RECORDED DATA:
== Segment start ==

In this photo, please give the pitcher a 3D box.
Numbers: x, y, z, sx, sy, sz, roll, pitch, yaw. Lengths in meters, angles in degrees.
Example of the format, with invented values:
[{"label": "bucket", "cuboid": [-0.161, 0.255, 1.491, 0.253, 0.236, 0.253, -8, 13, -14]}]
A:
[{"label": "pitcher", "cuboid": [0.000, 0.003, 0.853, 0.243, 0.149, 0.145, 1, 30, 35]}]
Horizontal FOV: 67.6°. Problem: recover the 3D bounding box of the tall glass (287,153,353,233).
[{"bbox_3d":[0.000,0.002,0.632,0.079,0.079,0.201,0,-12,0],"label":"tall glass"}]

== Segment end ==
== Segment start ==

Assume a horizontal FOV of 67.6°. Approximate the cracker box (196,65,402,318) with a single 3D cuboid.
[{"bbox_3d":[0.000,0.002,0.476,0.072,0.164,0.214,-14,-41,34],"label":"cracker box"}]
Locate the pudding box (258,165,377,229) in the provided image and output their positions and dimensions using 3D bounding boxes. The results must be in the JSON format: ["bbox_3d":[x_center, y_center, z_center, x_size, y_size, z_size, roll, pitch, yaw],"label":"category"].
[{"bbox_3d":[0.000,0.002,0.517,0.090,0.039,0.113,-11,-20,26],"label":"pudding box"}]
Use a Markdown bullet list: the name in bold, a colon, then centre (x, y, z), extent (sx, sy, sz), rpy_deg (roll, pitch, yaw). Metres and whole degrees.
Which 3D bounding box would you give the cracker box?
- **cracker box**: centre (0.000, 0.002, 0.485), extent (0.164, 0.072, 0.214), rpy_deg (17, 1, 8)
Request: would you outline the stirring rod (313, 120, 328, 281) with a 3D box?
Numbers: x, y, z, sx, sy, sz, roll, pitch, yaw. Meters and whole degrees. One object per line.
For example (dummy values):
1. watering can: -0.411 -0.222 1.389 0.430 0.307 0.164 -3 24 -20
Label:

== Segment end ==
== Segment start ==

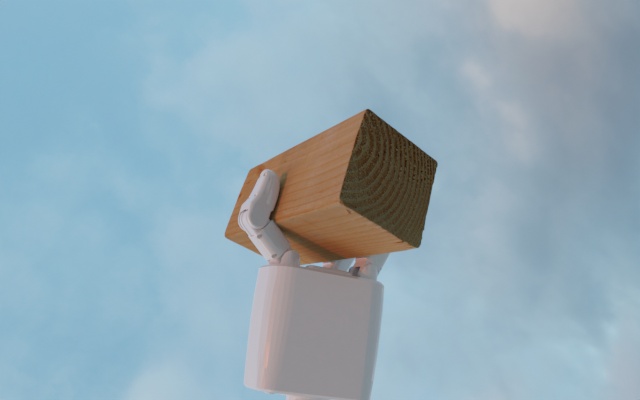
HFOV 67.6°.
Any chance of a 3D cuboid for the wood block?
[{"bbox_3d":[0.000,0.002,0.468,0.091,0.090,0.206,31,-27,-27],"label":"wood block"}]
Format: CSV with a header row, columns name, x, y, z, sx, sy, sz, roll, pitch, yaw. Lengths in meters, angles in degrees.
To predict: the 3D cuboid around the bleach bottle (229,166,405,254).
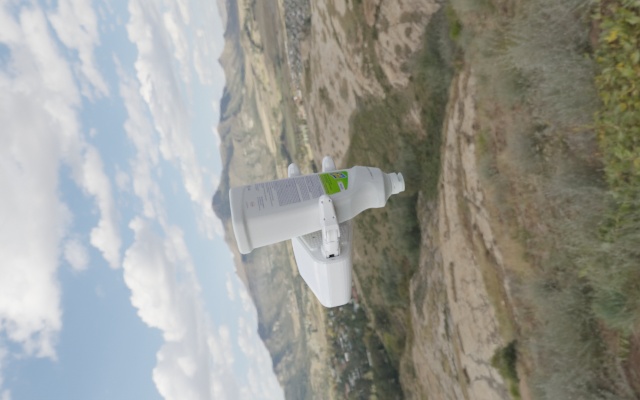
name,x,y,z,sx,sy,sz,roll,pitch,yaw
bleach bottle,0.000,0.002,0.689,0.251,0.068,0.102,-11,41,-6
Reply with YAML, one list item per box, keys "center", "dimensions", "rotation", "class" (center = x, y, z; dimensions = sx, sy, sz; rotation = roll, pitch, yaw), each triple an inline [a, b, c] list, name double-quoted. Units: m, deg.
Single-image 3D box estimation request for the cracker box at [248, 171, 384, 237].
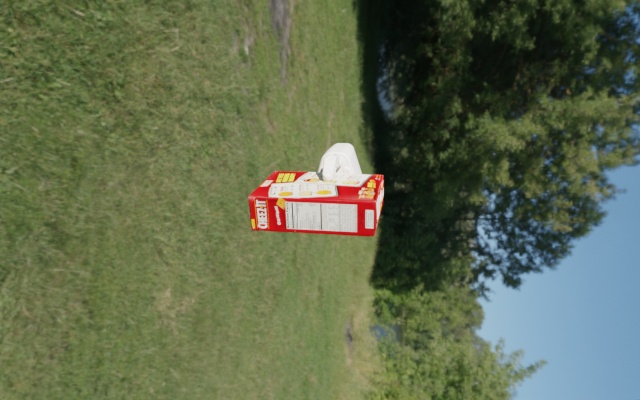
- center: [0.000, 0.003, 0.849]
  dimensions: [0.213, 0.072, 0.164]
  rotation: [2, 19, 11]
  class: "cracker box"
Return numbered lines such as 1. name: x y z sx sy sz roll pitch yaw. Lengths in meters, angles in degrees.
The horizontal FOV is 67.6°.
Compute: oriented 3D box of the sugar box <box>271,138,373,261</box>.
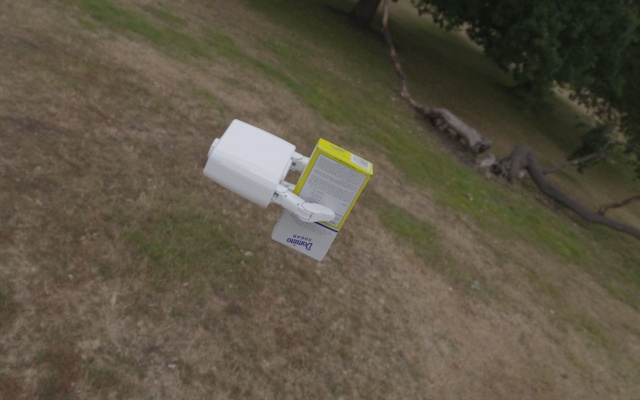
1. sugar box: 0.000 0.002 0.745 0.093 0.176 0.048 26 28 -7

== Segment end ==

BRIEF:
Only the lines holding "list" are wanted, so copy each of them from the material.

WORKED SOLUTION:
Use a Markdown bullet list: the name in bold, a colon, then centre (x, y, z), extent (sx, sy, sz), rpy_deg (roll, pitch, yaw). Metres and whole degrees.
Reply with YAML, one list item per box, keys "center", "dimensions", "rotation", "class" (center = x, y, z; dimensions = sx, sy, sz; rotation = roll, pitch, yaw), each triple an inline [a, b, c] list, name double-quoted. Units: m, deg.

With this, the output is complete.